▶ DATASET
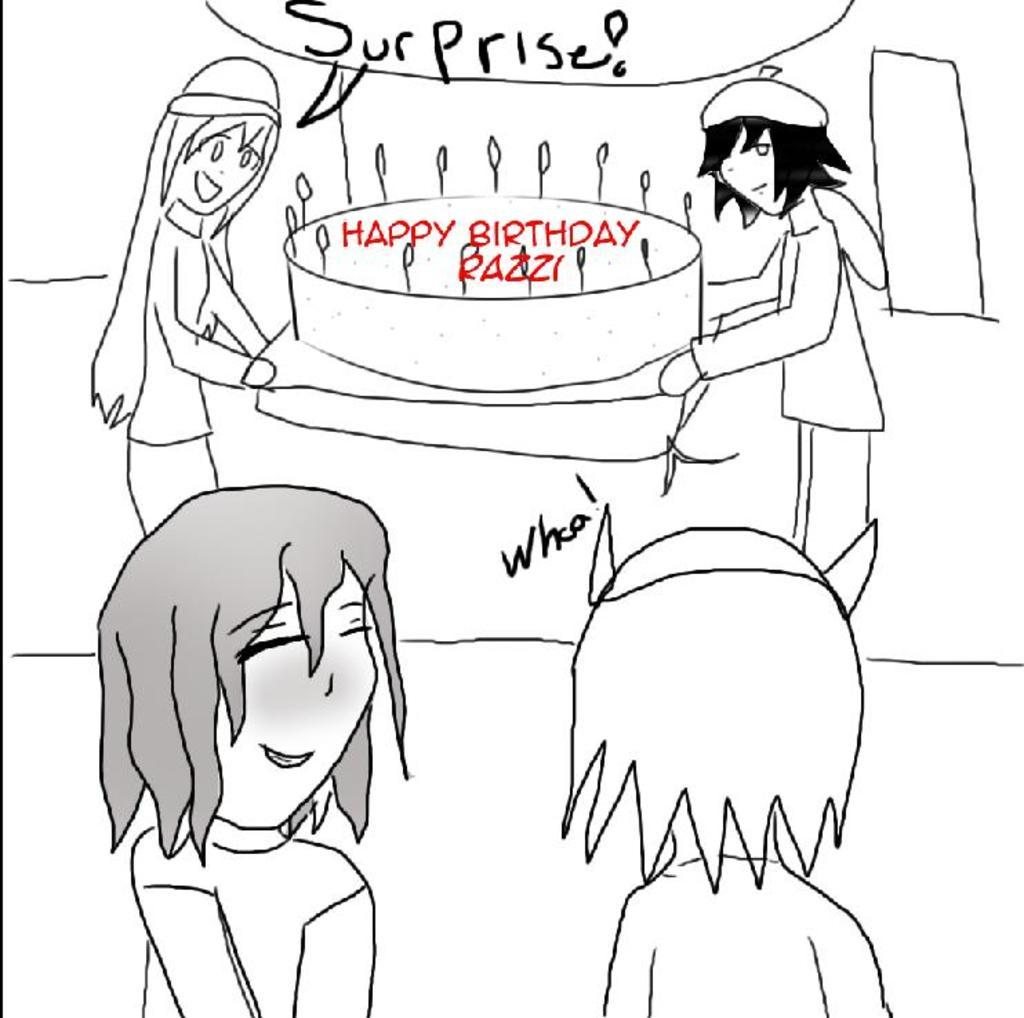What is present in the image besides the persons? There is a cake in the image. Can you describe any text that is visible in the image? Yes, there is some text in the image. What type of needle is being used to decorate the cake in the image? There is no needle present in the image, and the cake does not appear to be decorated. What type of ornament is hanging from the ceiling in the image? There is no ornament hanging from the ceiling in the image. 
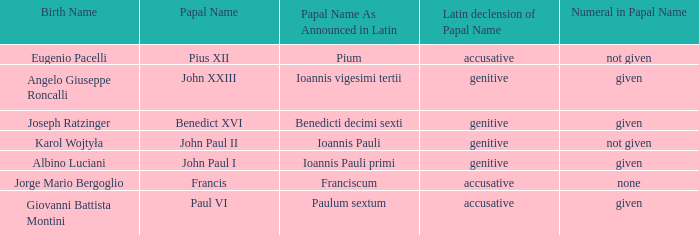For Pope Paul VI, what is the declension of his papal name? Accusative. 
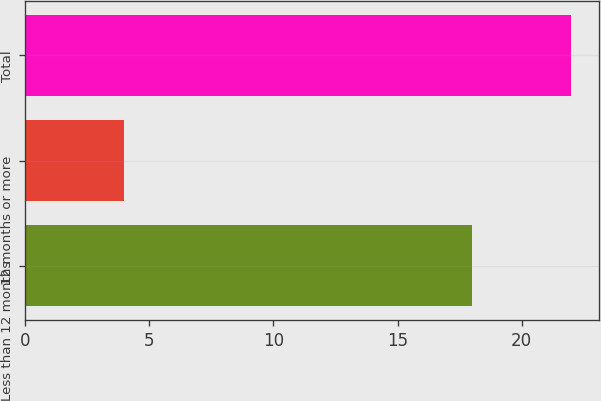<chart> <loc_0><loc_0><loc_500><loc_500><bar_chart><fcel>Less than 12 months<fcel>12 months or more<fcel>Total<nl><fcel>18<fcel>4<fcel>22<nl></chart> 
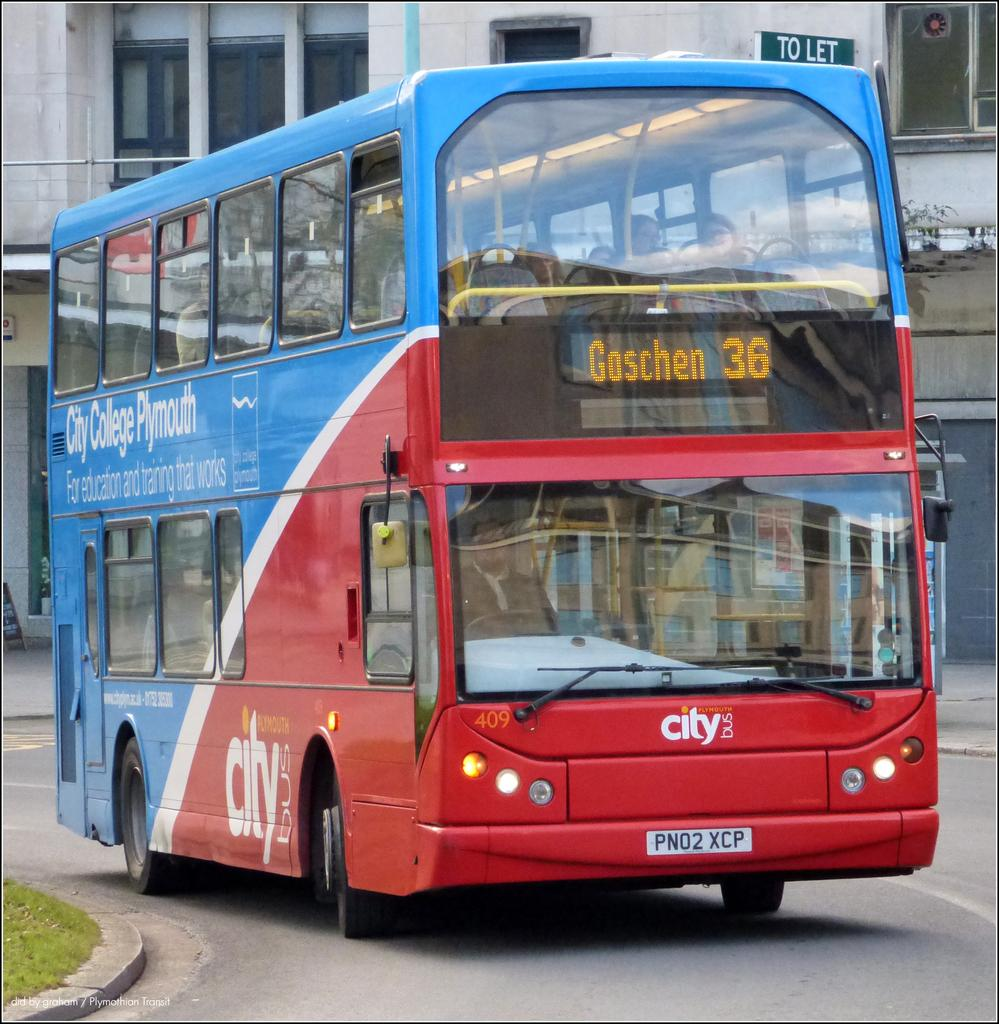<image>
Provide a brief description of the given image. A double decker bus that is going to Goschen. 
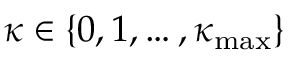<formula> <loc_0><loc_0><loc_500><loc_500>\kappa \in \{ 0 , 1 , \dots , \kappa _ { \max } \}</formula> 
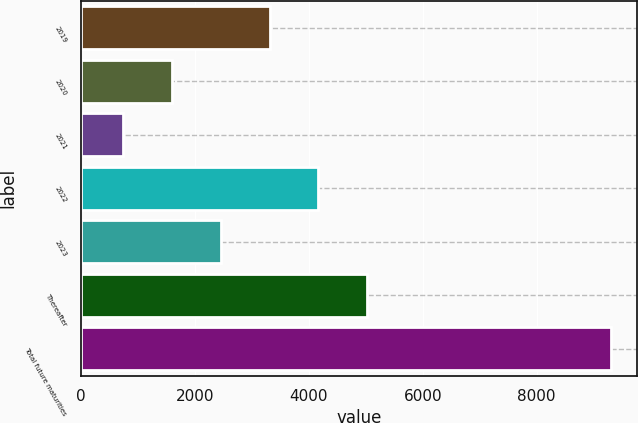Convert chart. <chart><loc_0><loc_0><loc_500><loc_500><bar_chart><fcel>2019<fcel>2020<fcel>2021<fcel>2022<fcel>2023<fcel>Thereafter<fcel>Total future maturities<nl><fcel>3315<fcel>1605<fcel>750<fcel>4170<fcel>2460<fcel>5025<fcel>9300<nl></chart> 
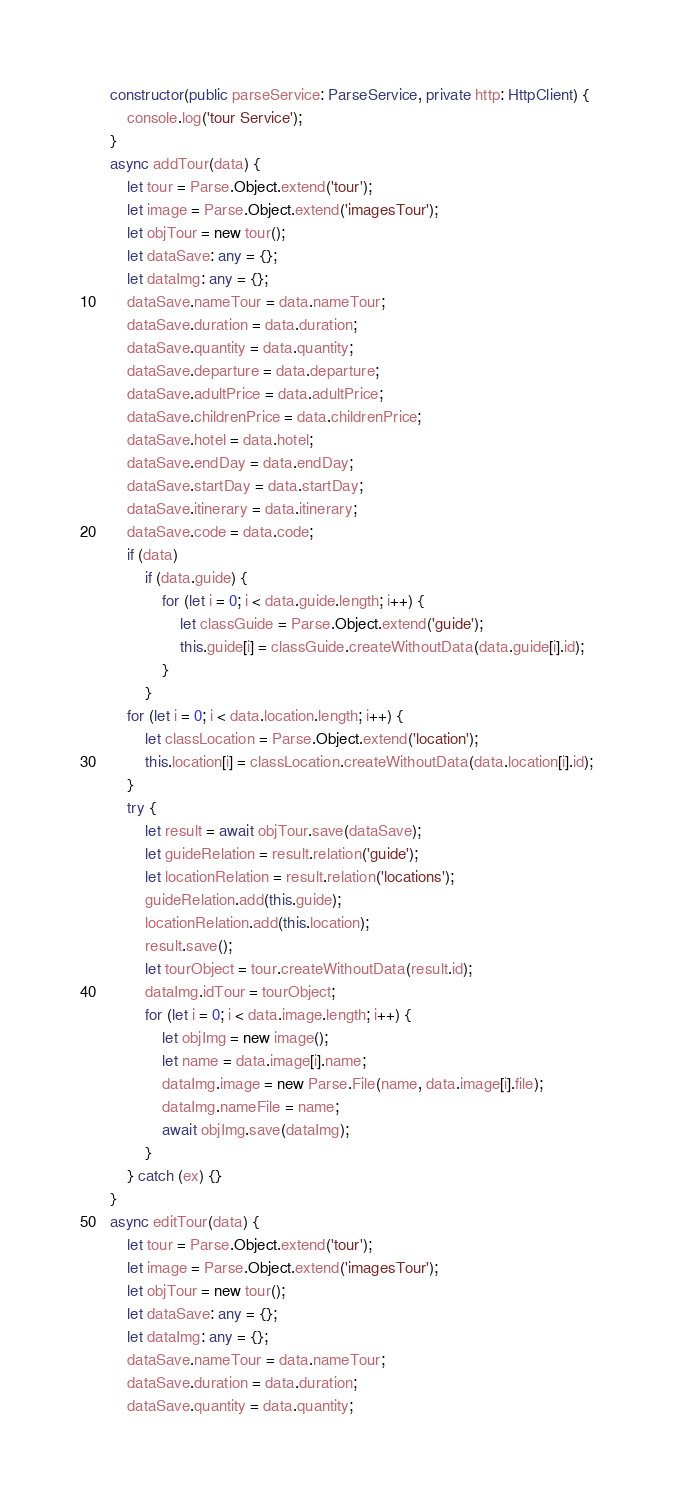Convert code to text. <code><loc_0><loc_0><loc_500><loc_500><_TypeScript_>
    constructor(public parseService: ParseService, private http: HttpClient) {
        console.log('tour Service');
    }
    async addTour(data) {
        let tour = Parse.Object.extend('tour');
        let image = Parse.Object.extend('imagesTour');
        let objTour = new tour();
        let dataSave: any = {};
        let dataImg: any = {};
        dataSave.nameTour = data.nameTour;
        dataSave.duration = data.duration;
        dataSave.quantity = data.quantity;
        dataSave.departure = data.departure;
        dataSave.adultPrice = data.adultPrice;
        dataSave.childrenPrice = data.childrenPrice;
        dataSave.hotel = data.hotel;
        dataSave.endDay = data.endDay;
        dataSave.startDay = data.startDay;
        dataSave.itinerary = data.itinerary;
        dataSave.code = data.code;
        if (data)
            if (data.guide) {
                for (let i = 0; i < data.guide.length; i++) {
                    let classGuide = Parse.Object.extend('guide');
                    this.guide[i] = classGuide.createWithoutData(data.guide[i].id);
                }
            }
        for (let i = 0; i < data.location.length; i++) {
            let classLocation = Parse.Object.extend('location');
            this.location[i] = classLocation.createWithoutData(data.location[i].id);
        }
        try {
            let result = await objTour.save(dataSave);
            let guideRelation = result.relation('guide');
            let locationRelation = result.relation('locations');
            guideRelation.add(this.guide);
            locationRelation.add(this.location);
            result.save();
            let tourObject = tour.createWithoutData(result.id);
            dataImg.idTour = tourObject;
            for (let i = 0; i < data.image.length; i++) {
                let objImg = new image();
                let name = data.image[i].name;
                dataImg.image = new Parse.File(name, data.image[i].file);
                dataImg.nameFile = name;
                await objImg.save(dataImg);
            }
        } catch (ex) {}
    }
    async editTour(data) {
        let tour = Parse.Object.extend('tour');
        let image = Parse.Object.extend('imagesTour');
        let objTour = new tour();
        let dataSave: any = {};
        let dataImg: any = {};
        dataSave.nameTour = data.nameTour;
        dataSave.duration = data.duration;
        dataSave.quantity = data.quantity;</code> 
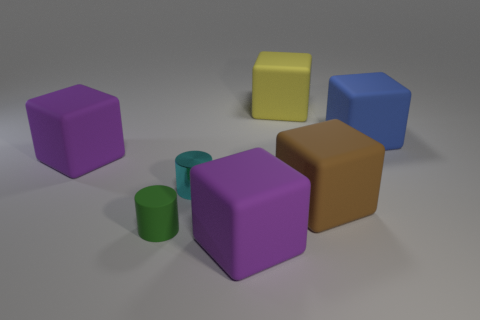What size is the purple thing that is left of the small green thing?
Your response must be concise. Large. There is a purple matte block that is in front of the small cyan cylinder in front of the big blue rubber object; what is its size?
Offer a very short reply. Large. Are there more large red things than small green cylinders?
Keep it short and to the point. No. Are there more blue objects behind the blue block than tiny matte things that are behind the brown matte block?
Offer a terse response. No. There is a matte block that is in front of the small cyan metal cylinder and to the right of the yellow rubber thing; how big is it?
Offer a terse response. Large. How many yellow rubber things are the same size as the brown matte object?
Offer a terse response. 1. There is a rubber object behind the blue rubber cube; is it the same shape as the tiny rubber object?
Your answer should be compact. No. Is the number of big brown blocks behind the big brown cube less than the number of tiny yellow metal cylinders?
Make the answer very short. No. Are there any cylinders of the same color as the small shiny thing?
Provide a short and direct response. No. There is a tiny metal thing; is it the same shape as the matte object to the right of the brown cube?
Your response must be concise. No. 
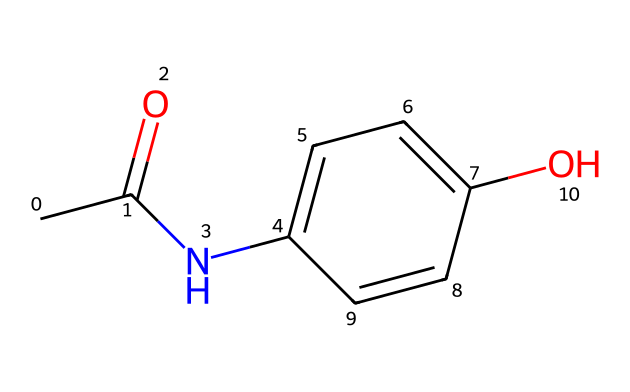What is the name of this chemical? The provided SMILES representation corresponds to the structure of paracetamol (acetaminophen), which is a well-known analgesic and antipyretic drug.
Answer: paracetamol How many carbon atoms are present? By examining the SMILES, there are six carbon atoms in the structure (CC(=O) indicates 2, NC1 denotes one more, and C=C represents two additional ones from the aromatic ring, totaling six).
Answer: six How many functional groups are identified in the structure? The structure has two functional groups: an amide group (from the NC portion) and a hydroxyl group (from the C1=CC...O portion). This indicates its nature as a drug.
Answer: two What is the main interaction type expected in paracetamol's mechanism of action? Paracetamol primarily exhibits non-covalent interactions, particularly hydrogen bonding, which is vital for binding to its target enzymes in the body.
Answer: hydrogen bonding Which element indicates the presence of a carbonyl group? The carbonyl group is present where the double bond to oxygen is indicated by the '=' in the CC(=O) part of the SMILES.
Answer: oxygen What property related to paracetamol is influenced by steric hindrance in its structure? The steric hindrance, especially from the aromatic ring and/ or the hydroxyl and amide groups, influences its solubility and bioavailability in the body.
Answer: solubility How does the structure indicate its role as a analgesic drug? The presence of the amide and hydroxyl functional groups, along with their spatial arrangement, allows paracetamol to effectively modulate pain signaling pathways, akin to optimizing algorithm paths for efficiency.
Answer: modulate pain

▶ PROMPT
Give back, exactly as written, the stretch from the line with "for (let i = 0; i < data.guide.length;" through the line with "for (let i = 0; i < data.location.length;", and no other lines from the records above.

▶ RESULT OF THE TASK
                for (let i = 0; i < data.guide.length; i++) {
                    let classGuide = Parse.Object.extend('guide');
                    this.guide[i] = classGuide.createWithoutData(data.guide[i].id);
                }
            }
        for (let i = 0; i < data.location.length; i++) {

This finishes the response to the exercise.